Reclaiming “Redneck” From History

Blogging again after a busy year off. :)

The term redneck is usually an insult these days, used by urban, hip, coastal people who went to college for at least four years, vote for Democrats, and work at high-paying high-status jobs in government or the private sector. I fit that description, except that my politics aren’t liberal/left and I don’t vote mostly for Democrats (or didn’t til Donald Trump was elected President).

However, I grew up in Texas among conservative family and neighbors. Three generations ago my paternal ancestors were all from West Virginia, Kentucky, and Tennessee. Over the weekend, I stumbled across an editorial in The Guardian that I wish every American would read. I don’t agree with many of the political views held by the three authors, but I treasure the history that this op-end brings to light. The authors clearly believe that we cannot solve the problems that America faces at present by splitting into a bunch of racially- or culturally-defined groups and fighting.
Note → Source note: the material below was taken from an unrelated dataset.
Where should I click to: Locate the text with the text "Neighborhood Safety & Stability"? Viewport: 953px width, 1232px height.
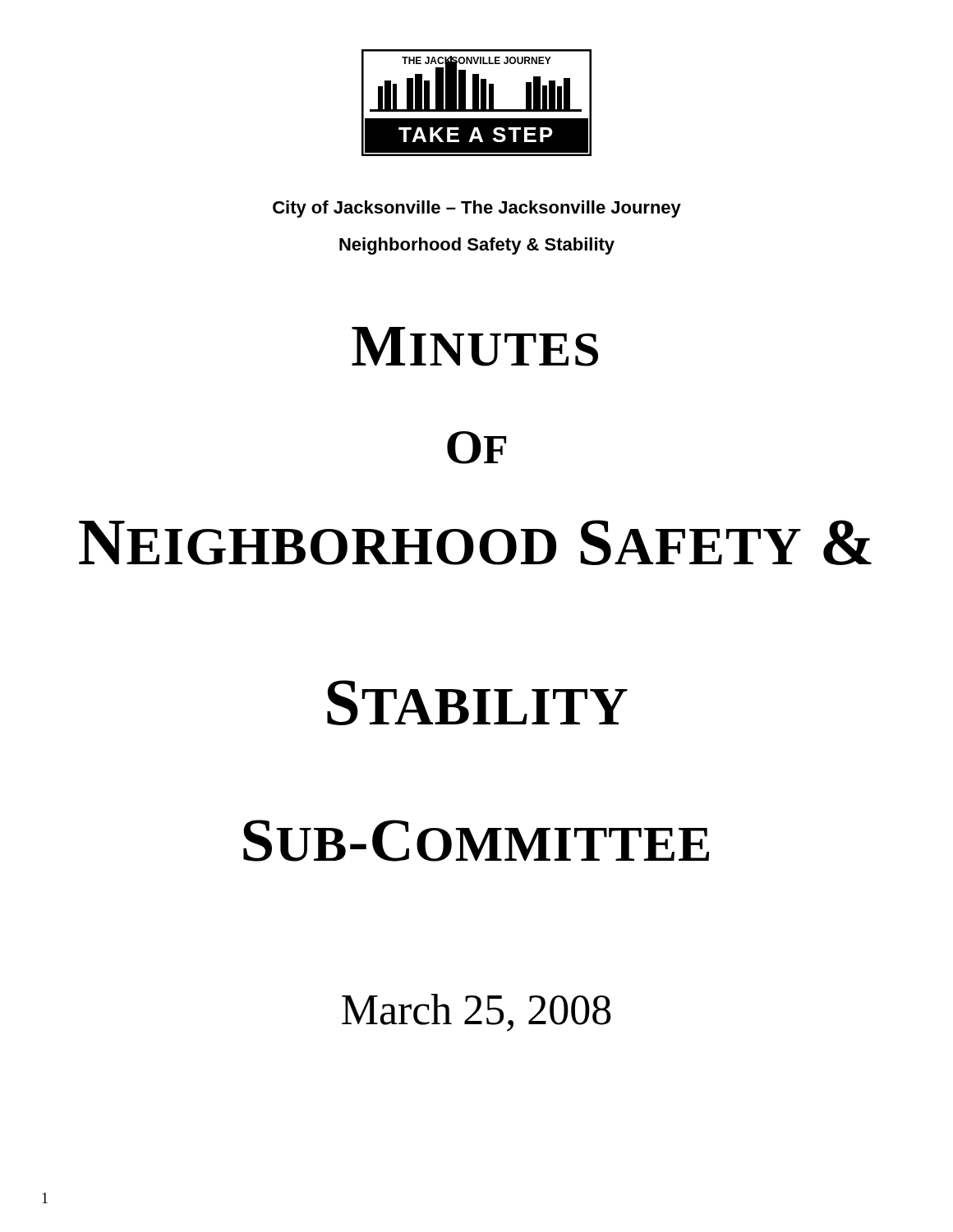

I agree with them.

One of the most fascinating periods of American history is the history of mining and the early labor movement centered in and around the Appalachian mountains in West Virginia, eastern Kentucky, southeastern Ohio and western Pennsylvania. After a cross-country trip in 2015 took me through West Virginia’s New River Gorge, I’ve been reading histories of that region. I’m glad other people are finding inspiration in the same times and places.